Post by Yofish » Sun Mar 03, 2019 11:04 pm

First a thanks to hoodman for the kind comment.

And to Kevin's inquiry re cabins: my distaste is derived from that I suck at making them. I go into a bit of a depression when confronted. It does not help that in this case the client is 6' 7" tall and WANTS TO DRIVE STANDING. The helm is hard over so's you get the picture. 79" + 1" then at least 3" crown. I lowered the swimming pool to a 'dare' situation (that I will discuss at the end in the boo-boo section) and still, in the computer, it is a looming shit-house. I live for center console configs! Also, for some reason I can't grasp, center cabins are harder to make look cool than forward ones. AND! as it would happen, because of where I build, and what people want to do, nearly all are center to aft arrangements. Lucky me. People want to go land at a beach, here 'bouts.
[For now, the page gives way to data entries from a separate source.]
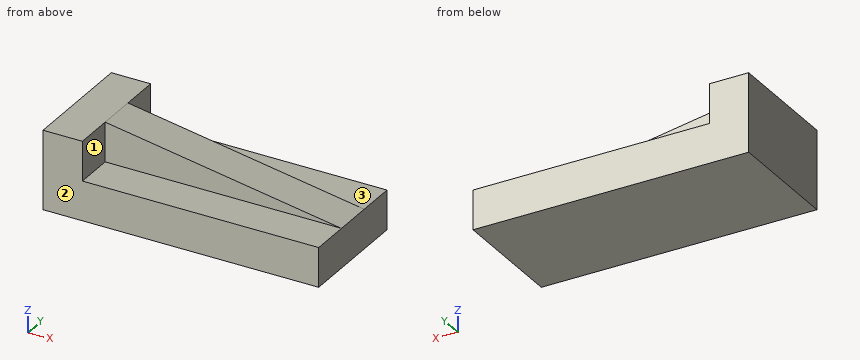
```python
from build123d import *

# Parameters (mm, degrees)
F1_DEPTH = 76.2
F3_DEPTH = 25.4
F5_DEPTH = 25.4


with BuildPart() as f1:
    # F0 (on Front) → F1 (new body)
    with BuildSketch(Plane.XZ):
        Polygon((0, 50.8), (0, 0), (177.8, 0), (177.8, 25.4), (25.4, 25.4), (25.4, 50.8), align=None)
        Polygon((177.8, 25.4), (25.4, 50.8), (25.4, 25.4), align=None)
    extrude(amount=-F1_DEPTH)

    # F2 (on face) → F3 (cut)
    with BuildSketch(Plane.XZ):
        Polygon((177.8, 25.4), (25.4, 50.8), (25.4, 25.4), align=None)
    extrude(amount=-F3_DEPTH, mode=Mode.SUBTRACT)

    # F4 (on face) → F5 (cut)
    with BuildSketch(Plane(origin=(0, 76.2, 0), x_dir=(-1, 0, 0), z_dir=(0, 1, 0))):
        Polygon((-25.4, 25.4), (-25.4, 50.8), (-177.8, 25.4), align=None)
    extrude(amount=-F5_DEPTH, mode=Mode.SUBTRACT)


solid = f1.part
```
Geometry check sheet. Reference: the model listing, model coordinates, mm. Face numbers are marked on the shaded views. A direction names the side the tool comes from. Give positions to 0.01 mm unless a question says otherwise; leave off trailing zeros. Loops run counter-clockwise (first coordinate to the right, second up) from the corner with the lowest first, then second, coordinate; pieces in that order, holes last. Notation, with made-up numbers: M 62.5,1 L 88.5,1 A11 ccw 88.5,14 Z; hole C 21,76.5 d9. An arc over 180 degrees is marked long. Write item = value, one per line. Start each with the question number.
1. Section check A-A, the plane x = 116. Enter the section's corners in (y, z).
2. Go/stop test with flat-tipped pins: P1, Ø20.5, axis at x = 66, y = 60, coming from the +Z side; P2, Ø7.5, axis at y = 68, z = 37.5, coming from the +X side; P3, Ø8, axis at x = 107.5, z = 31, coming from the -Y side. Record where each tip stops, or that it passes through.
3. Thickness scan on probe 1 along Z at (x, y) = (161.5, 19); probe 2 along Y at (x, z) = (103.5, 28). Record the ranges inside material, lowest first.
4. Section check D-D, the plane y = 56. Enter the section's corners in (x, z), plus the area to 3 significant figures.
5. Tool access check on the marked faces 1, 2 and 3. Record the directions out of +Z, -Z, +X, -X, +Y, -Y that give a thin tool (end or side, any length) a straight path to the whole face; none if there is none.
6. Section check C-C, the plane y = 46.5. Enter the section's corners in (x, z), plus the area to 3 significant figures.
7. Section check B-B, the plane z = 32. Enter the section's corners in (x, y).
Values follow:
q1.outline = M 0,0 L 76.2,0 L 76.2,25.4 L 50.8,25.4 L 50.8,35.7 L 25.4,35.7 L 25.4,25.4 L 0,25.4 Z
q2.P1 = 44.79
q2.P2 = 25.4
q2.P3 = 25.4
q3.probe_1 = 0 to 25.4
q3.probe_2 = 25.4 to 50.8
q4.outline = M 0,0 L 177.8,0 L 177.8,25.4 L 25.4,25.4 L 25.4,50.8 L 0,50.8 Z
q4.area = 5,160 mm^2
q5.face_1 = +Z, +X, -Y
q5.face_2 = +Z, -Z, +X, -X, -Y
q5.face_3 = +Z, +X, +Y
q6.outline = M 0,0 L 177.8,0 L 177.8,25.4 L 25.4,50.8 L 0,50.8 Z
q6.area = 7,100 mm^2
q7.outline = M 0,0 L 25.4,0 L 25.4,25.4 L 138.2,25.4 L 138.2,50.8 L 25.4,50.8 L 25.4,76.2 L 0,76.2 Z
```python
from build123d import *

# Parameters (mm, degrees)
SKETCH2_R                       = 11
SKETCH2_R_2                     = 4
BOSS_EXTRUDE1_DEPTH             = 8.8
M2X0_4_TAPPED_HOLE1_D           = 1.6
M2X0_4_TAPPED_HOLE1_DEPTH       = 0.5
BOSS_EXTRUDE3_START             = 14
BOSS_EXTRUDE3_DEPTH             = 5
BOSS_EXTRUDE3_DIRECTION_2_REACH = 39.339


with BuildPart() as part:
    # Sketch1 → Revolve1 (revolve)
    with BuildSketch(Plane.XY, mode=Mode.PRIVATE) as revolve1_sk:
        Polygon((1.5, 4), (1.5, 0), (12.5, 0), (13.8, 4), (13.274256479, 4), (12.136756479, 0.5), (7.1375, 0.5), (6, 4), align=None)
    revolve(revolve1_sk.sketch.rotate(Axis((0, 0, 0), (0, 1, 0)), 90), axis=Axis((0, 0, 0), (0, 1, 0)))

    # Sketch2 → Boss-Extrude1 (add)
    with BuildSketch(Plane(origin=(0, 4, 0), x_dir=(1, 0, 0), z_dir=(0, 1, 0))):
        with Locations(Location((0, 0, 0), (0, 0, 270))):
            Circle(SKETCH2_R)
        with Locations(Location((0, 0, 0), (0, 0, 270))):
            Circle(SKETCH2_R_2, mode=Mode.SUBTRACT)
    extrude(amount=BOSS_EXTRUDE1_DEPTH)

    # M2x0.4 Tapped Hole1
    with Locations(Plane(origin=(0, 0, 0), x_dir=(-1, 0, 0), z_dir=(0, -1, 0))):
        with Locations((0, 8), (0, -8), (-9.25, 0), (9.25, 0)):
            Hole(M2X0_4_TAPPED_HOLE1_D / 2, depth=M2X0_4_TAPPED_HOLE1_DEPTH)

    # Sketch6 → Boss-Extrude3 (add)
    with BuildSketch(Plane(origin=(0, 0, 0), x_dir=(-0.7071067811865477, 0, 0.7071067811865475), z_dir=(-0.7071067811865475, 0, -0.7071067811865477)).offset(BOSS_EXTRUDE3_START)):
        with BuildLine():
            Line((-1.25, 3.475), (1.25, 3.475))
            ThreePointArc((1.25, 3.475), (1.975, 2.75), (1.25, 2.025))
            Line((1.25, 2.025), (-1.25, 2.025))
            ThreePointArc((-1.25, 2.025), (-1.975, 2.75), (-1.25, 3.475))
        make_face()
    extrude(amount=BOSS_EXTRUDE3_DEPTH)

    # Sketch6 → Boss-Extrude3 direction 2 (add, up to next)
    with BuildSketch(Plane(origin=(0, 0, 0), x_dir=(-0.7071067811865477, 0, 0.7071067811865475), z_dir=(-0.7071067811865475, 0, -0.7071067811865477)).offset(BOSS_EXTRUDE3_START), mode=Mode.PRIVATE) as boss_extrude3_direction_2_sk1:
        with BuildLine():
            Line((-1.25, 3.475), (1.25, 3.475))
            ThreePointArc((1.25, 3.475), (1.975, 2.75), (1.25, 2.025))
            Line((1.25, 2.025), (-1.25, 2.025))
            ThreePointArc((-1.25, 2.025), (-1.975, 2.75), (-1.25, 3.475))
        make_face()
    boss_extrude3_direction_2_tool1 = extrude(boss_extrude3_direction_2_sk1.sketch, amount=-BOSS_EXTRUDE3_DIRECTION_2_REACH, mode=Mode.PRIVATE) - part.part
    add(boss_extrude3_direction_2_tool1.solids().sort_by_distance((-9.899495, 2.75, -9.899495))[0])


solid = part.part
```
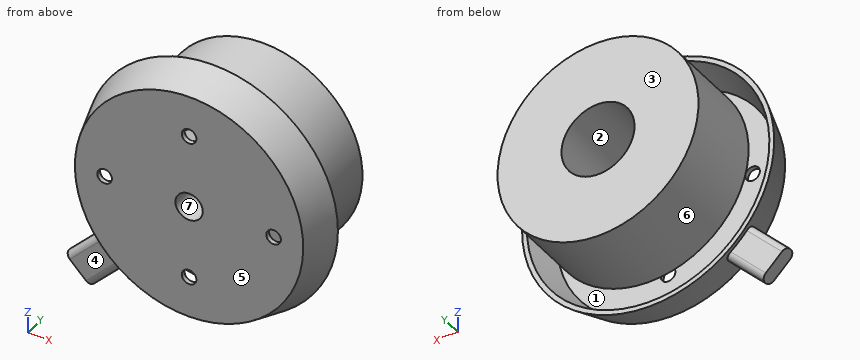
Verification items for the finished model (mm, model axes). Face numbers are marked on the shaded views. A direction names the side the tool comes from. Give positions to 0.01 mm unless a question says otherwise; leave off trailing zeros. Loops run counter-clockwise (first coordinate to the right, second up) from the corner with the lowest first, then second, coordinate; pieces in that order, holes last.
1. Set-up check for the marked faces 1, 2, 3 and 4: record each of +Z, -Z, +X, -X, +Y, -Y from which the full face is reachable in a straight line by a thin tool's end or side.
2. Mould release check, pull along X, two halves, no side actions. Record for the marked faces 5, 6 and 7: released by +X, released by -X, zero draft, split by the parting line, or undercut.
3. Thickness scan on line 1 (Z direction, x = -0.25, y = 6.5); line 2 (Y direction, x = -1, z = 11); line 3 (X direction, y = 0.3, z = -8). Record the ranges inside material, lowest first.
4. Section check C-C, the plane y = 10. Enter the section's corners in (x, z), then the cut area to 3 significant figures.
5. Go/stop test with flat-tipped pins: pin 1 Ø1 at (x, y) = (2.5, 7) entering from -Z; pin 2 Ø4.5 at (x, z) = (-12, -12.5) entering from +Y (3 decimals); pin 3 Ø6.5 at (x, z) = (-11.5, -12) entering from -Y (3 decimals); pin 4 Ø1.8 at (x, z) = (0, 0) entering from -Y. Record where each tip stops, or that it passes through.
6. Section check A-A, the plane x = 0. Count the separate pieces of the cut face and the enclosed holes in it, then the cut area to 3 significant figures.
Geometry says:
1. face 1: none
1. face 2: +Y
1. face 3: +Z, -Z, +X, -X, +Y
1. face 4: -Z, -X, -Y
2. face 5: zero draft
2. face 6: split by the parting line
2. face 7: undercut
3. line 1: z = -11 to -3.99, 3.99 to 11
3. line 2: y = 0 to 0.5
3. line 3: x = -9.73 to -0.8, 0.8 to 9.73
4. outline: circle Ø22 at (0, 0); hole circle Ø8 at (0, 0)
4. area: 330 mm2
5. pin 1: stops at z = -10.82
5. pin 2: stops at y = 3.475
5. pin 3: stops at y = 2.025
5. pin 4: passes through
6. separate pieces: 4
6. enclosed holes: 0
6. area: 172 mm2

This adds other design features such as not making the bow too high so getting in and out is not too daunting. I refuse to make a Hewescraft (and others) with a dead flat sheer - that's just me. I could go on but I digress; plain and simple is that I haven't figured it out to my satisfaction. I've achieved acceptable, only. Part of it is, I think, of a sudden, one is dealing with all flat that is not a deck. The only thing curved is the lid. I dunno, I just pucker up with it all. I see things added to skiffs that are abhorrent. Monstrosities that make me cringe. I try hard to avoid that but I've come close. With a forward cabin one HAS to follow obvious lines so the imagination is constrained and when otherwise......

To the other: I used to use 1/4" x 2" rectangular bar and had to use a ratchet strap but moved to 3/16" and just stomp on it against a curb then tighten the line. Boy, I'll tell you that a hand doing this makes it sooo much easier to get a start. I have done ridiculous things to make that first (holding) tack.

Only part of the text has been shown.